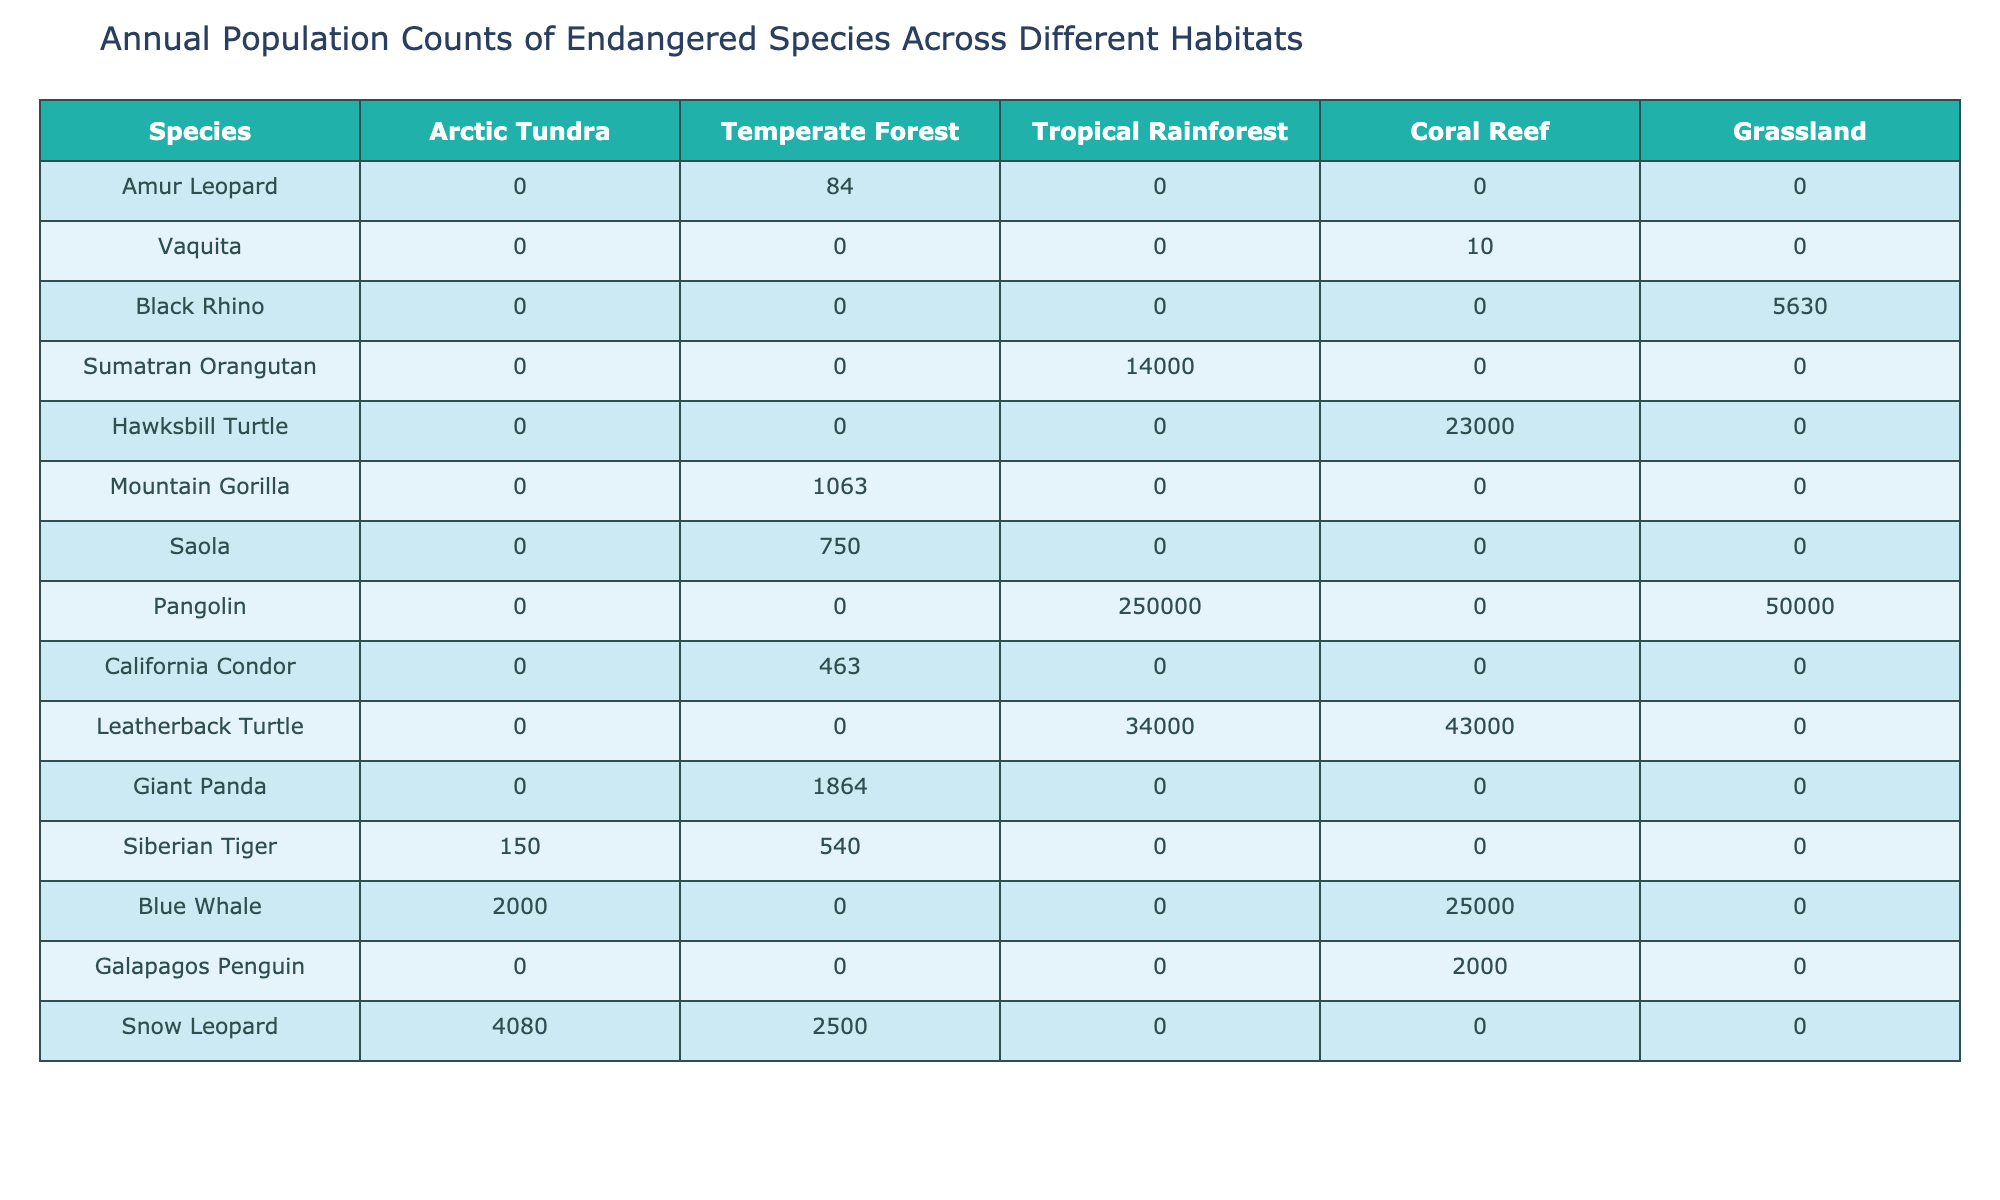What is the total population count of the Amur Leopard across all habitats? The Amur Leopard has a population count of 0 in all habitats listed (Arctic Tundra, Temperate Forest, Tropical Rainforest, Coral Reef, Grassland). Therefore, the total population count is 0.
Answer: 0 How many species have a population count greater than 10 in the Coral Reef habitat? In the Coral Reef habitat, the following species have counts greater than 10: Vaquita (10), Hawksbill Turtle (23000), Leatherback Turtle (43000), and Blue Whale (25000). This totals four species.
Answer: 4 What is the population count of the Siberian Tiger in the Temperate Forest habitat? The Siberian Tiger has a population count of 540 in the Temperate Forest habitat as shown in the table.
Answer: 540 Which species has the highest population in the Tropical Rainforest habitat? The Sumatran Orangutan has the highest population with a total of 14000, which is more than any other species in that habitat.
Answer: Sumatran Orangutan Calculate the total population across all habitats for the Leatherback Turtle. The population count for the Leatherback Turtle is as follows: Arctic Tundra (0) + Temperate Forest (0) + Tropical Rainforest (34000) + Coral Reef (43000) + Grassland (0) = 77000.
Answer: 77000 Is there any species that appears in both the Arctic Tundra and Grassland habitats? Upon reviewing the table, no species are listed with population counts in both the Arctic Tundra and Grassland habitats; all counts in these habitats are 0 for each species except for the Snow Leopard in the Arctic Tundra.
Answer: No What is the average population count of species in the Grassland habitat? The population counts for Grassland are Black Rhino (5630), Sumatran Orangutan (0), Pangolin (50000), California Condor (0), and no others. Thus, the average is (5630 + 0 + 50000 + 0)/3 (excluding species with zeros) = 18543.33. The average is rounded to two decimals.
Answer: 18543.33 Which habitat supports the highest total population of endangered species? Summing the populations across the habitats reveals: Arctic Tundra (4080) + Temperate Forest (4500) + Tropical Rainforest (250000) + Coral Reef (66300) + Grassland (5630) = 275510. The Tropical Rainforest has the highest total at 250000.
Answer: Tropical Rainforest What is the difference in population count of Snow Leopard between Arctic Tundra and Temperate Forest? The Snow Leopard has a population of 4080 in the Arctic Tundra and 2500 in the Temperate Forest. The difference is 4080 - 2500 = 1580.
Answer: 1580 
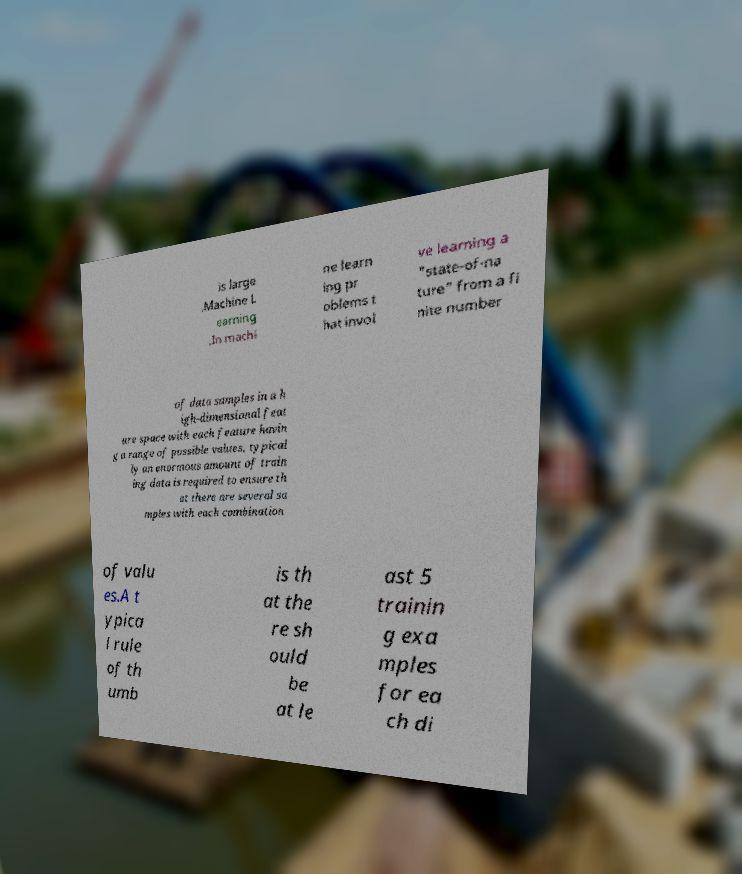Can you read and provide the text displayed in the image?This photo seems to have some interesting text. Can you extract and type it out for me? is large .Machine L earning .In machi ne learn ing pr oblems t hat invol ve learning a "state-of-na ture" from a fi nite number of data samples in a h igh-dimensional feat ure space with each feature havin g a range of possible values, typical ly an enormous amount of train ing data is required to ensure th at there are several sa mples with each combination of valu es.A t ypica l rule of th umb is th at the re sh ould be at le ast 5 trainin g exa mples for ea ch di 
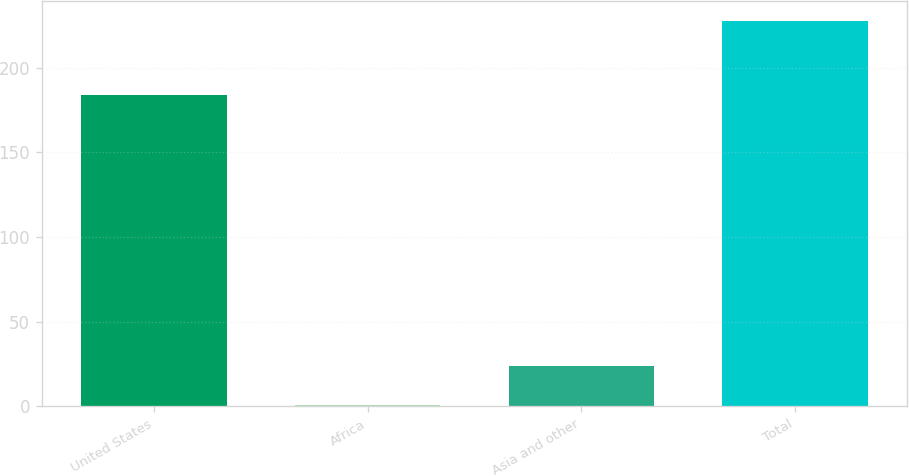Convert chart. <chart><loc_0><loc_0><loc_500><loc_500><bar_chart><fcel>United States<fcel>Africa<fcel>Asia and other<fcel>Total<nl><fcel>184<fcel>1<fcel>23.7<fcel>228<nl></chart> 
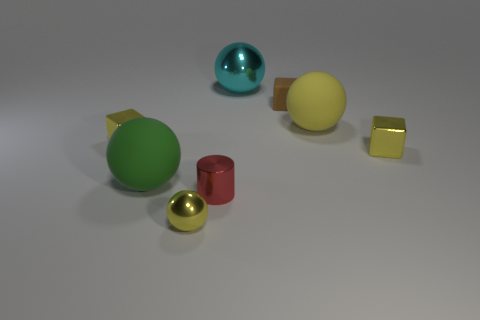The rubber object that is the same color as the tiny shiny ball is what size?
Offer a terse response. Large. Are there any cubes that have the same color as the tiny sphere?
Offer a very short reply. Yes. What is the shape of the large rubber thing that is the same color as the small sphere?
Offer a terse response. Sphere. There is a yellow shiny object that is right of the large cyan metallic thing; what is its shape?
Offer a terse response. Cube. What number of brown things are either small cylinders or matte balls?
Provide a short and direct response. 0. Are the brown cube and the green object made of the same material?
Your answer should be compact. Yes. There is a small red thing; what number of cyan metal things are on the left side of it?
Offer a very short reply. 0. The object that is behind the yellow rubber ball and right of the large shiny object is made of what material?
Offer a very short reply. Rubber. How many blocks are small matte things or tiny red objects?
Keep it short and to the point. 1. What material is the large green thing that is the same shape as the big yellow object?
Offer a very short reply. Rubber. 
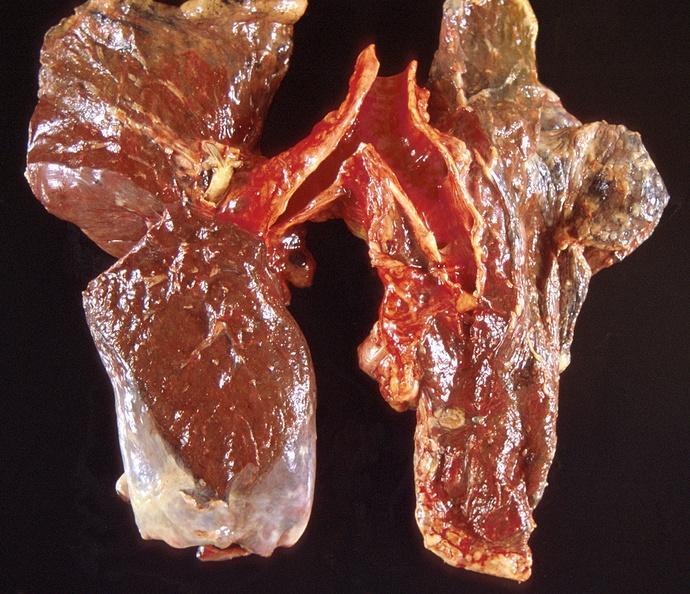does this image show lung carcinoma?
Answer the question using a single word or phrase. Yes 
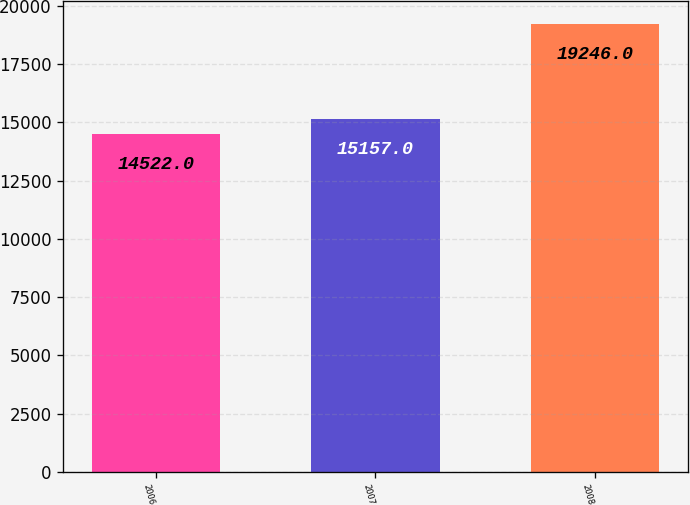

## What the task requires
The listing above should be transcribed word for word, with its pictures left out.

## Exercise solution
What is the total population count of the Amur Leopard across all habitats? The Amur Leopard has a population count of 0 in all habitats listed (Arctic Tundra, Temperate Forest, Tropical Rainforest, Coral Reef, Grassland). Therefore, the total population count is 0.
Answer: 0 How many species have a population count greater than 10 in the Coral Reef habitat? In the Coral Reef habitat, the following species have counts greater than 10: Vaquita (10), Hawksbill Turtle (23000), Leatherback Turtle (43000), and Blue Whale (25000). This totals four species.
Answer: 4 What is the population count of the Siberian Tiger in the Temperate Forest habitat? The Siberian Tiger has a population count of 540 in the Temperate Forest habitat as shown in the table.
Answer: 540 Which species has the highest population in the Tropical Rainforest habitat? The Sumatran Orangutan has the highest population with a total of 14000, which is more than any other species in that habitat.
Answer: Sumatran Orangutan Calculate the total population across all habitats for the Leatherback Turtle. The population count for the Leatherback Turtle is as follows: Arctic Tundra (0) + Temperate Forest (0) + Tropical Rainforest (34000) + Coral Reef (43000) + Grassland (0) = 77000.
Answer: 77000 Is there any species that appears in both the Arctic Tundra and Grassland habitats? Upon reviewing the table, no species are listed with population counts in both the Arctic Tundra and Grassland habitats; all counts in these habitats are 0 for each species except for the Snow Leopard in the Arctic Tundra.
Answer: No What is the average population count of species in the Grassland habitat? The population counts for Grassland are Black Rhino (5630), Sumatran Orangutan (0), Pangolin (50000), California Condor (0), and no others. Thus, the average is (5630 + 0 + 50000 + 0)/3 (excluding species with zeros) = 18543.33. The average is rounded to two decimals.
Answer: 18543.33 Which habitat supports the highest total population of endangered species? Summing the populations across the habitats reveals: Arctic Tundra (4080) + Temperate Forest (4500) + Tropical Rainforest (250000) + Coral Reef (66300) + Grassland (5630) = 275510. The Tropical Rainforest has the highest total at 250000.
Answer: Tropical Rainforest What is the difference in population count of Snow Leopard between Arctic Tundra and Temperate Forest? The Snow Leopard has a population of 4080 in the Arctic Tundra and 2500 in the Temperate Forest. The difference is 4080 - 2500 = 1580.
Answer: 1580 
Can you read and provide the text displayed in the image?This photo seems to have some interesting text. Can you extract and type it out for me? is large .Machine L earning .In machi ne learn ing pr oblems t hat invol ve learning a "state-of-na ture" from a fi nite number of data samples in a h igh-dimensional feat ure space with each feature havin g a range of possible values, typical ly an enormous amount of train ing data is required to ensure th at there are several sa mples with each combination of valu es.A t ypica l rule of th umb is th at the re sh ould be at le ast 5 trainin g exa mples for ea ch di 
Convert chart. <chart><loc_0><loc_0><loc_500><loc_500><bar_chart><fcel>United States<fcel>Africa<fcel>Asia and other<fcel>Total<nl><fcel>184<fcel>1<fcel>23.7<fcel>228<nl></chart> 
The rubber object that is the same color as the tiny shiny ball is what size?
Offer a terse response. Large. Are there any cubes that have the same color as the tiny sphere?
Offer a very short reply. Yes. What is the shape of the large rubber thing that is the same color as the small sphere?
Offer a terse response. Sphere. There is a yellow shiny object that is right of the large cyan metallic thing; what is its shape?
Offer a terse response. Cube. What number of brown things are either small cylinders or matte balls?
Provide a short and direct response. 0. Are the brown cube and the green object made of the same material?
Your answer should be compact. Yes. There is a small red thing; what number of cyan metal things are on the left side of it?
Offer a very short reply. 0. The object that is behind the yellow rubber ball and right of the large shiny object is made of what material?
Offer a very short reply. Rubber. How many blocks are small matte things or tiny red objects?
Keep it short and to the point. 1. What material is the large green thing that is the same shape as the big yellow object?
Offer a very short reply. Rubber. 
does this image show lung carcinoma?
Answer the question using a single word or phrase. Yes 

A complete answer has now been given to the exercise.